O günkü gazetelerin ilk say­fasında Millî Selamet Partisi’nin İstanbul’un fethinin 523. yılı ve­silesiyle başlattığı Ayasofya’nın yeniden cami hâline getirilmesi kampanyası vardı. Yunanistan ile gerginlik Kıbrıs yüzünden yine üst seviyedeyken Soğuk Savaş sürüyor, Beyrut’ta ise silahlar susmuyordu. İTÜ’de “ülkücü komandolar” Sol gö­rüşlü öğrencilere saldırmıştı. İç sayfaların dibindeki bir kısa haberdeyse Mesut Aytunca ismi vardı. Taksim Yağhane Sokak, 16 numaradaki evde, boğazı ka­dın çorabıyla sıkılarak öldürül­müştü. Evin tuvaletinde çıplak cesedini bulan bir arkadaşı, polis yerine Aytunca’nın emekli albay babasına haber vermiş; eve gelen baba Aytunca oğlunu yatağına taşıyıp çıplak bede­nine giysilerini giydirdikten sonra polisi aramıştı.

Müzik dergilerinden Ses’in yorumu “bir müzisyene yakış­mayacak şekilde öldü”ğüydü! Görgü tanıklarının ifadelerin­den yola çıkılarak belirlenen eşkali çizmek de Milliyet’in ünlü çizeri Bedri Koraman’a düştü. Zanlı iki hafta sonra yakalandı. Kaldığı yerde yapılan aramada Aytunca’ya ait saat gibi bazı özel eşyalar bulunan Ali İhsan Öz­bey, mesleği sorulduğunda “iş­sizim” diyecek ve cinayeti kabul edecekti: “Mesut iş bulacağına söz vermişti, sözünü tutmadığı için kavga ettik, çorapla boğazı­nı sıkarak öldürdüm”.
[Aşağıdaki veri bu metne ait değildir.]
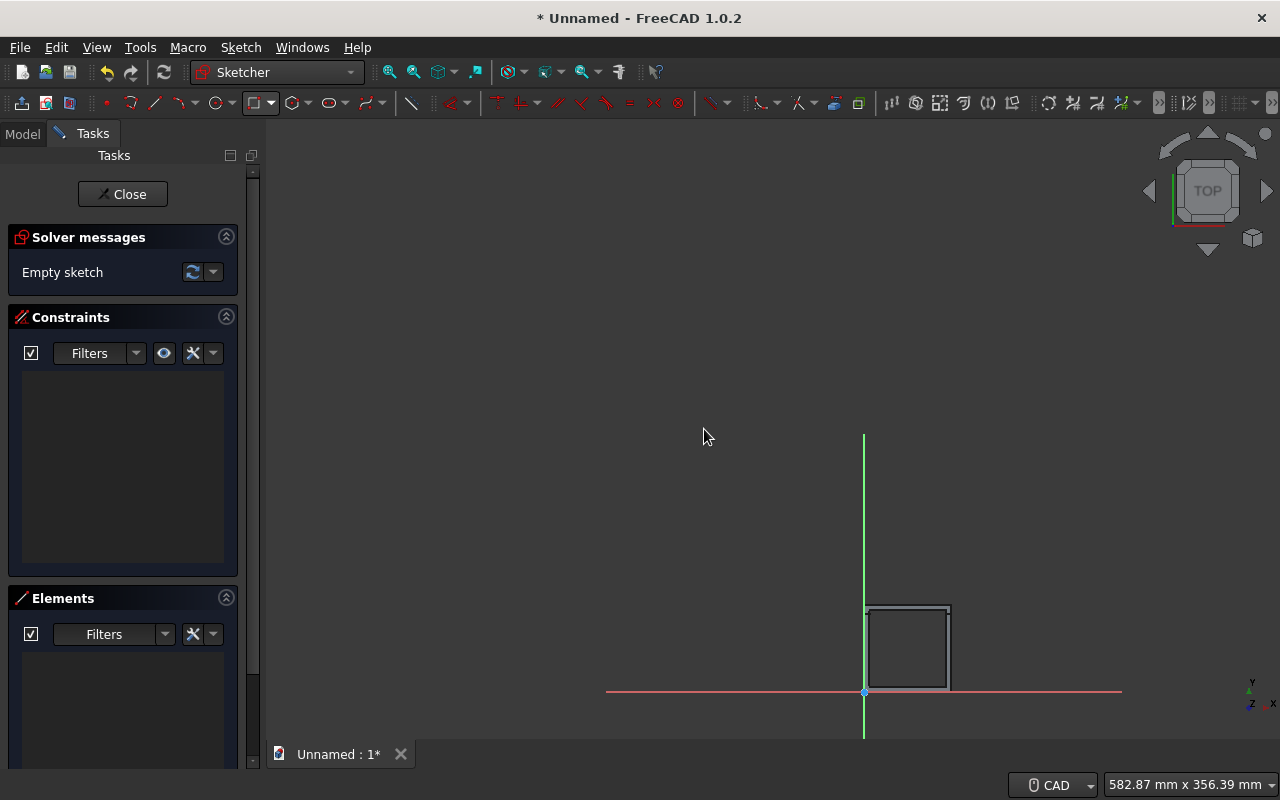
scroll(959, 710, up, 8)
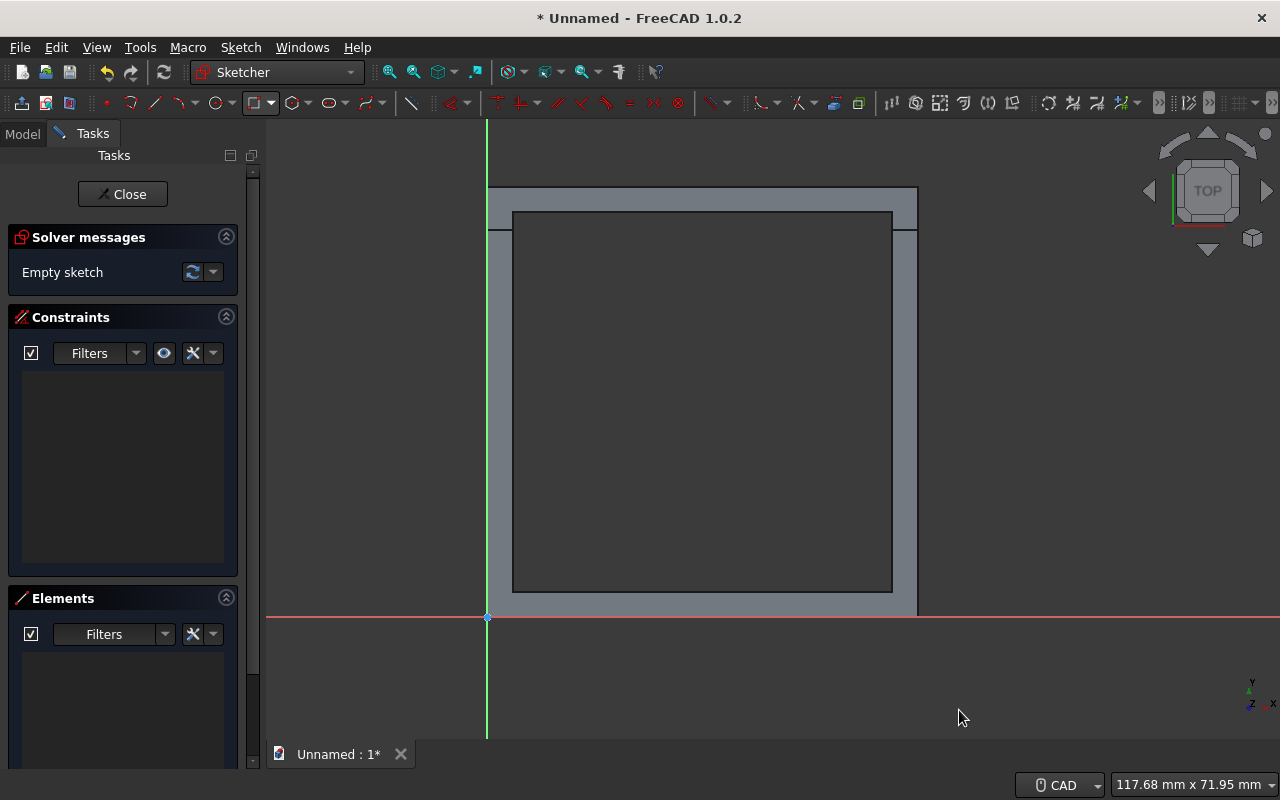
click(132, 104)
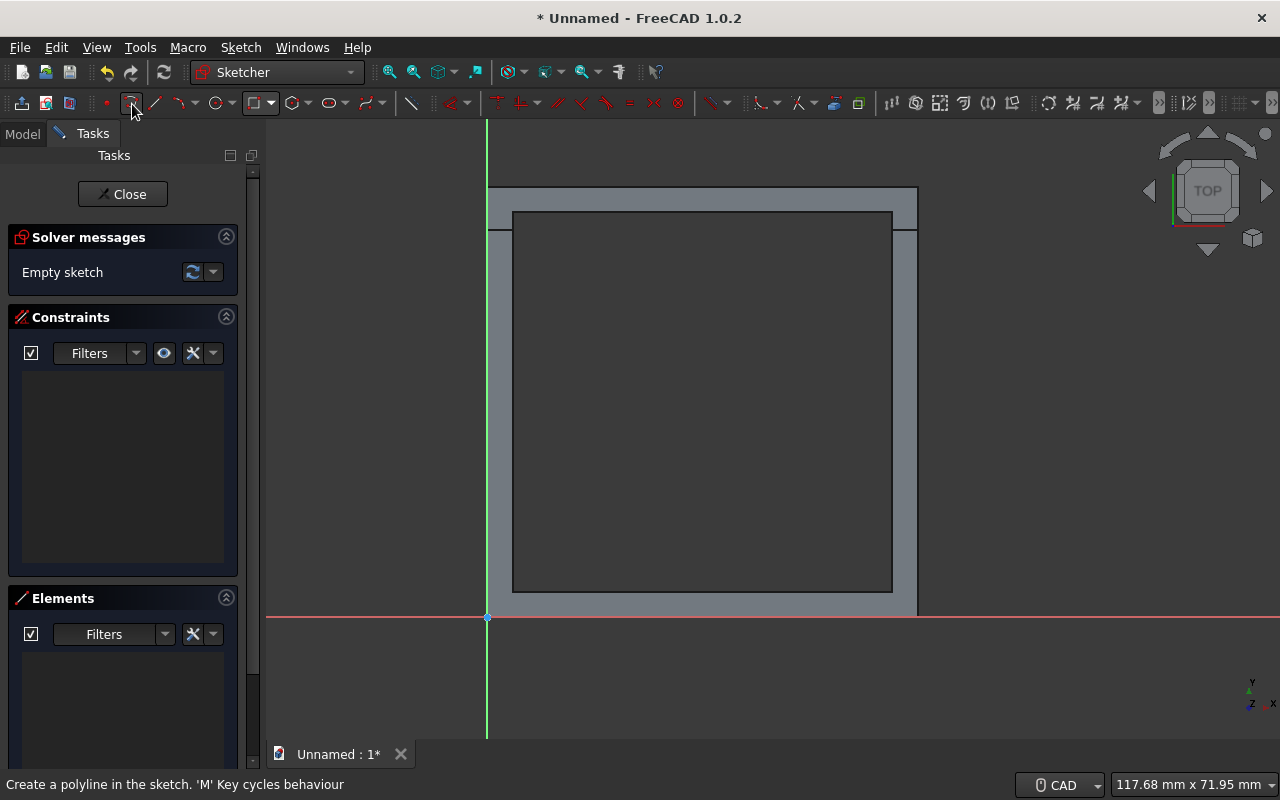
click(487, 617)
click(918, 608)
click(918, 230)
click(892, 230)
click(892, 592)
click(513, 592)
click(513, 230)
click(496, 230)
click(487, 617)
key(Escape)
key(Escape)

Silûetler efsanesi, Aytun­ca’nın 32 yaşında hayata veda etmesiyle son buldu. Kendisini sahnede izlemiş olanların nere­deyse hepsinin yıllar sonra söy­lediği yeteneği, sihri ve cazibesi hakkındaki övgü dolu sözleri; dünyaya hem tam zamanında ama hem de biraz erken düş­müş bir göktaşı misali olduğu yolundaki yorumları hayattay­ken duyabilmeyi muhtemelen çok isterdi.

73-75 MUZIK TARIHI_dk
1966’da Altın Mikrofon kazanan Silûetler kadrosu. Ayaktakiler, Aydın Daruga (davul) ve Metin Alatlı (org). Oturanlar soldan itibaren, Rasim Ulusman (ritm gitar), Mesut Aytunca (solo gitar) ve Erol Bilem (bas).